Nothing but the lines from the one containing "table_header Tr. [104, 119, 209, 166]" through the one containing "table_cell JJ349 [104, 1070, 209, 1622]", both included, should be given again, each exactly as written below.

────────────────────

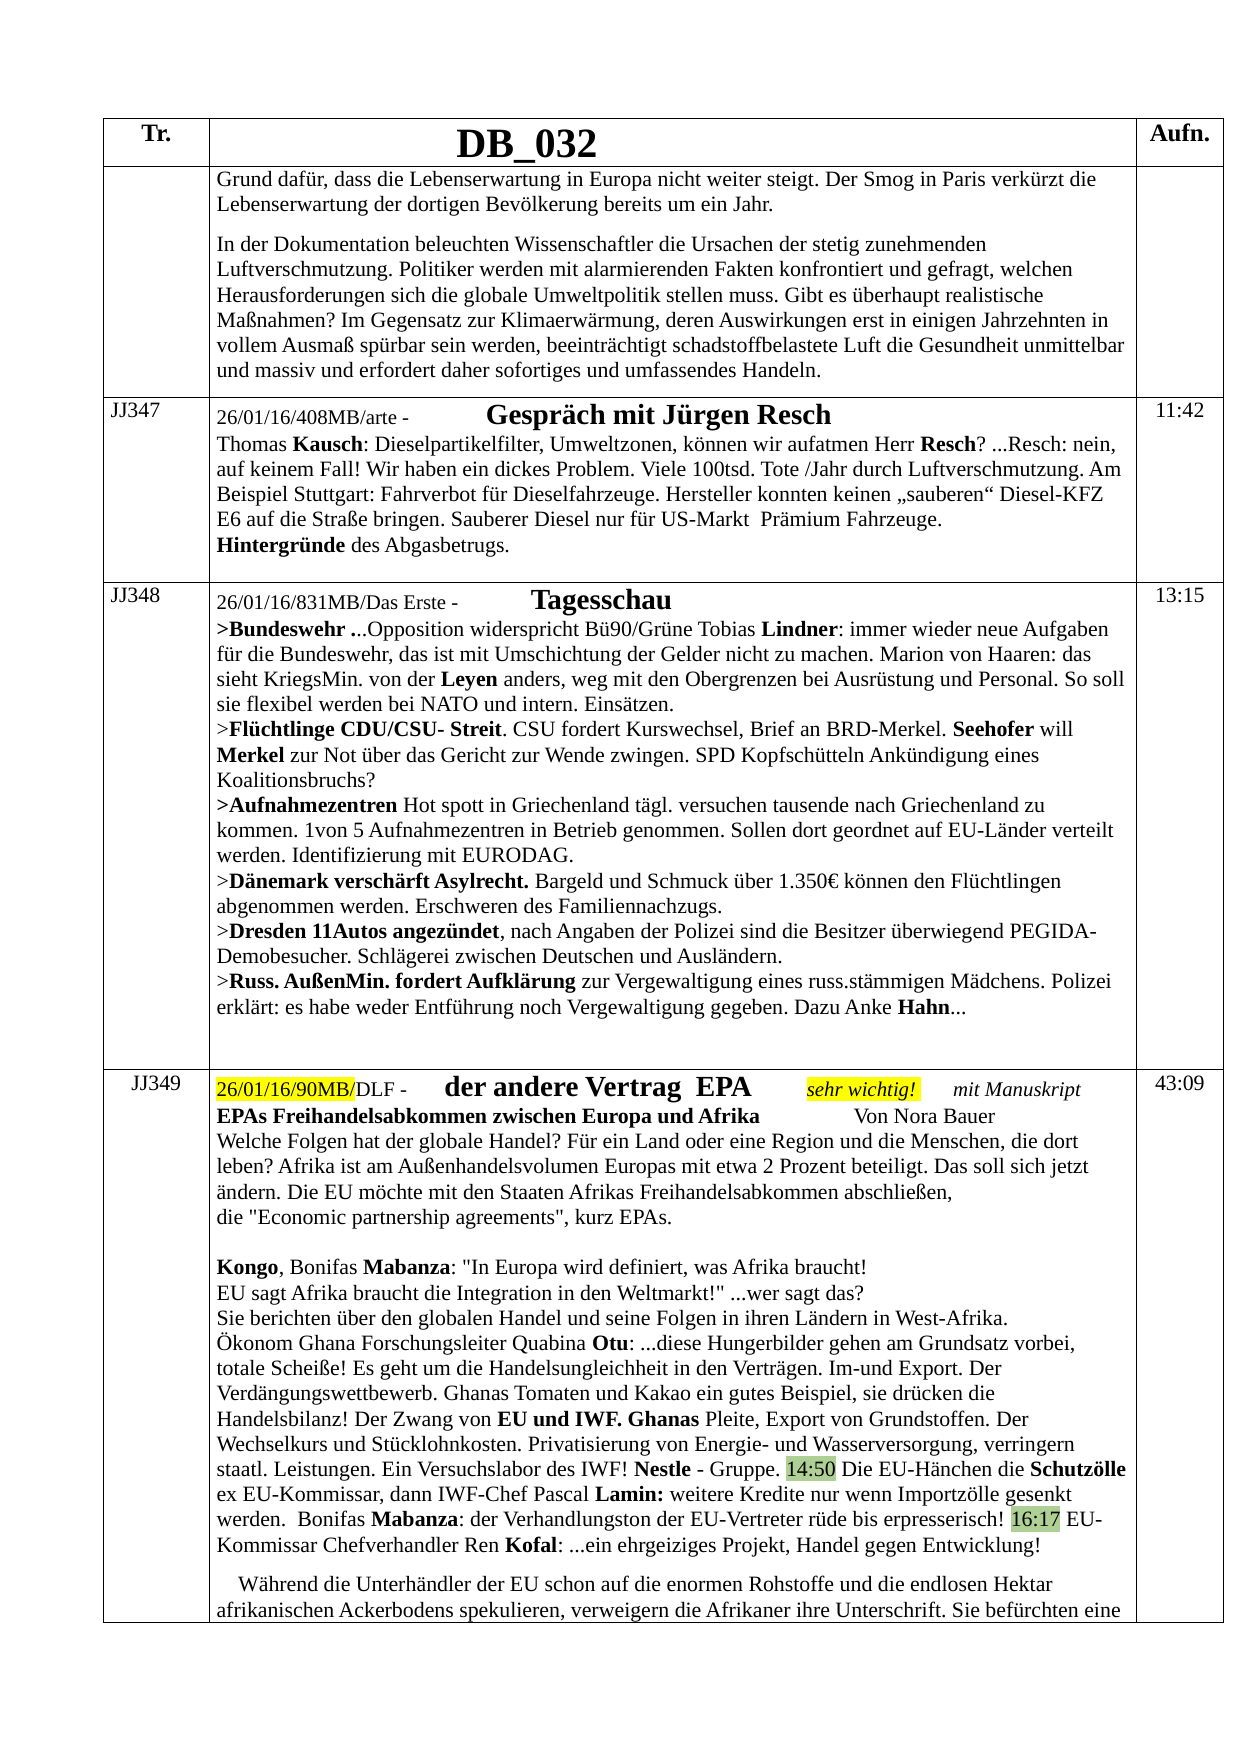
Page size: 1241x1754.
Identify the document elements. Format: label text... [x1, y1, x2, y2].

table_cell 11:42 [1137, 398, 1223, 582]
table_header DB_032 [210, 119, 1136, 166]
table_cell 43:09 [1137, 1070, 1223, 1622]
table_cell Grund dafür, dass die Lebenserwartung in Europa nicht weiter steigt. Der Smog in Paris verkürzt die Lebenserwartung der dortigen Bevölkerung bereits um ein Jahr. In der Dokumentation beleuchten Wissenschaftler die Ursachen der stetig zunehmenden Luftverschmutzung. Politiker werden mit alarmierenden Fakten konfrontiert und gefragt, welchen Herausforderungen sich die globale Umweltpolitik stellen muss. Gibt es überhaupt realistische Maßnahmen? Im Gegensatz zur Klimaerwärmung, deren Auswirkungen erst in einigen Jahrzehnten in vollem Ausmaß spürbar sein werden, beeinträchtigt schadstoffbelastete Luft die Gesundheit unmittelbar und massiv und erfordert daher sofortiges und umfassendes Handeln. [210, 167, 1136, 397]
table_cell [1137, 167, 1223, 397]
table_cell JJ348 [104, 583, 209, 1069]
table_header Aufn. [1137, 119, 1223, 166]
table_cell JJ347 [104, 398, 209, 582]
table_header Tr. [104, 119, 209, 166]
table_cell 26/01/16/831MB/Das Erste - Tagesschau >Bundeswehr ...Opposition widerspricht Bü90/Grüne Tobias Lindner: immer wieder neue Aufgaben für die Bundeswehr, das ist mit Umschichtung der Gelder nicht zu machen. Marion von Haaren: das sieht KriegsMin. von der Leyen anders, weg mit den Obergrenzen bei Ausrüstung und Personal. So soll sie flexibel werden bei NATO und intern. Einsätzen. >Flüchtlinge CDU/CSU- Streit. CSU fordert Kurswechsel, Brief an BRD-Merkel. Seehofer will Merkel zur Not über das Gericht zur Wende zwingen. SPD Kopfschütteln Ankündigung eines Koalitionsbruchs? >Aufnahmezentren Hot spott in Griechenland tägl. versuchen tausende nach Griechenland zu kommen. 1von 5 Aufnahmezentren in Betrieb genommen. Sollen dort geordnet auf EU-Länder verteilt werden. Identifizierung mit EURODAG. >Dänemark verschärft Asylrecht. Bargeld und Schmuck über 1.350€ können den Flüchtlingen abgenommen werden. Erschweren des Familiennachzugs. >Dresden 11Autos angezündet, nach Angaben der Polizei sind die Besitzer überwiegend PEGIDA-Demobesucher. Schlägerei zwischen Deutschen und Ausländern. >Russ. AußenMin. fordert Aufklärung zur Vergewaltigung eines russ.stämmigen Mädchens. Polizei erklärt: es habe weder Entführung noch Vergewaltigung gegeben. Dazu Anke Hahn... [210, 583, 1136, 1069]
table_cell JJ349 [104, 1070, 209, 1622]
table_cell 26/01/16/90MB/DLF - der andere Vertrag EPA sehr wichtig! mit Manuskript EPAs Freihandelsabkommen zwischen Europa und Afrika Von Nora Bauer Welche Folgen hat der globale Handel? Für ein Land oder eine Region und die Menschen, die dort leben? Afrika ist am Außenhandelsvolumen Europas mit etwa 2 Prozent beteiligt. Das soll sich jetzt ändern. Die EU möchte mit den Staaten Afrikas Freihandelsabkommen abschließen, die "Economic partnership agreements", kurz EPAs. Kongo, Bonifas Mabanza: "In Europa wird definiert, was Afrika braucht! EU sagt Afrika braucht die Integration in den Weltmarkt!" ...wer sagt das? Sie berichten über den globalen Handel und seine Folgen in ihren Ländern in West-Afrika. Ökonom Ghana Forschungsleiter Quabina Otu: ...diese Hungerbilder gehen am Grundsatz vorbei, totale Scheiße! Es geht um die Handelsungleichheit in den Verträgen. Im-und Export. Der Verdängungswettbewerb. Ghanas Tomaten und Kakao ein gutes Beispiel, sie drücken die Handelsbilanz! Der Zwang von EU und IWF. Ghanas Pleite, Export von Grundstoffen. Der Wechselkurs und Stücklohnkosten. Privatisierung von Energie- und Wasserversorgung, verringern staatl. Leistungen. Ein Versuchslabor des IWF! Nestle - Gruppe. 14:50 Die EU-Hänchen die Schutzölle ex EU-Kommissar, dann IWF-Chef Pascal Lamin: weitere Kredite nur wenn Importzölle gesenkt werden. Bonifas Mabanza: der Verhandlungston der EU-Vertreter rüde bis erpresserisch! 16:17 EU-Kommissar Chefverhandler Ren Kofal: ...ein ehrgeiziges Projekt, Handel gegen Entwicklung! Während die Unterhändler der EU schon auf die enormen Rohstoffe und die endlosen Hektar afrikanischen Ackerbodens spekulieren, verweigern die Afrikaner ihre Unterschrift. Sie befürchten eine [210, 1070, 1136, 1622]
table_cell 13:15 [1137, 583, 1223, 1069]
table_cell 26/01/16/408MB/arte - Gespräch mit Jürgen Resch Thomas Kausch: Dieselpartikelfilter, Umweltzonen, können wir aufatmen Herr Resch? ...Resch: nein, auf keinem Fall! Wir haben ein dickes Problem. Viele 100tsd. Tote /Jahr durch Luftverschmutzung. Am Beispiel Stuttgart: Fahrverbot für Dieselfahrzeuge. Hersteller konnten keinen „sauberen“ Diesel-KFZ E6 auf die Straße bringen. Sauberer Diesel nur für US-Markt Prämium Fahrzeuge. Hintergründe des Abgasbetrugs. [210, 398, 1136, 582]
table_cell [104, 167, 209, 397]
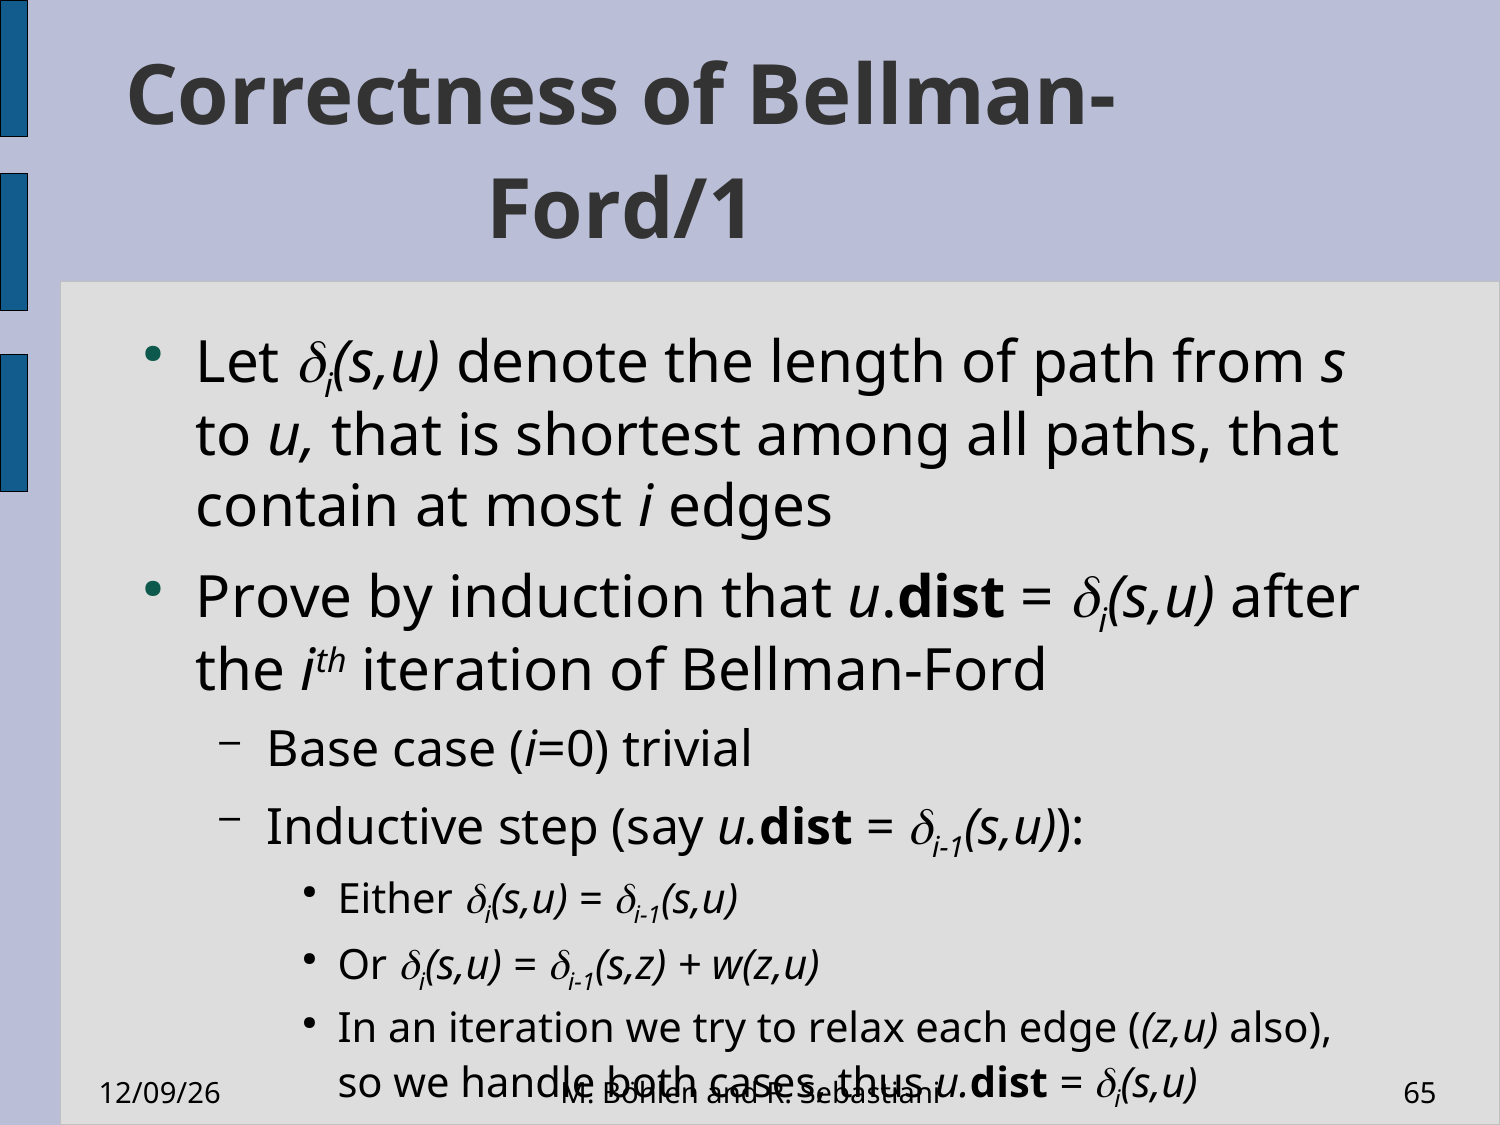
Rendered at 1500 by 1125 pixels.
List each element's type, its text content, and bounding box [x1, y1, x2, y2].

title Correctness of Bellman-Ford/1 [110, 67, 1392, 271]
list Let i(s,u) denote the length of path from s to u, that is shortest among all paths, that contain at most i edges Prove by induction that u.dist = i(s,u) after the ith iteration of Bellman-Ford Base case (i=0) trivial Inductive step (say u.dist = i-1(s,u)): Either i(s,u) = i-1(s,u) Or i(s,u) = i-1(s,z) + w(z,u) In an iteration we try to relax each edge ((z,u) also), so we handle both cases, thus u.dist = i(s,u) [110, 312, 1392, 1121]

────────────────────

▶ _ANSWER SPACE_:
table_header Tr. [104, 119, 209, 166]
table_cell 26/01/16/831MB/Das Erste - Tagesschau >Bundeswehr ...Opposition widerspricht Bü90/Grüne Tobias Lindner: immer wieder neue Aufgaben für die Bundeswehr, das ist mit Umschichtung der Gelder nicht zu machen. Marion von Haaren: das sieht KriegsMin. von der Leyen anders, weg mit den Obergrenzen bei Ausrüstung und Personal. So soll sie flexibel werden bei NATO und intern. Einsätzen. >Flüchtlinge CDU/CSU- Streit. CSU fordert Kurswechsel, Brief an BRD-Merkel. Seehofer will Merkel zur Not über das Gericht zur Wende zwingen. SPD Kopfschütteln Ankündigung eines Koalitionsbruchs? >Aufnahmezentren Hot spott in Griechenland tägl. versuchen tausende nach Griechenland zu kommen. 1von 5 Aufnahmezentren in Betrieb genommen. Sollen dort geordnet auf EU-Länder verteilt werden. Identifizierung mit EURODAG. >Dänemark verschärft Asylrecht. Bargeld und Schmuck über 1.350€ können den Flüchtlingen abgenommen werden. Erschweren des Familiennachzugs. >Dresden 11Autos angezündet, nach Angaben der Polizei sind die Besitzer überwiegend PEGIDA-Demobesucher. Schlägerei zwischen Deutschen und Ausländern. >Russ. AußenMin. fordert Aufklärung zur Vergewaltigung eines russ.stämmigen Mädchens. Polizei erklärt: es habe weder Entführung noch Vergewaltigung gegeben. Dazu Anke Hahn... [210, 583, 1136, 1069]
table_cell JJ349 [104, 1070, 209, 1622]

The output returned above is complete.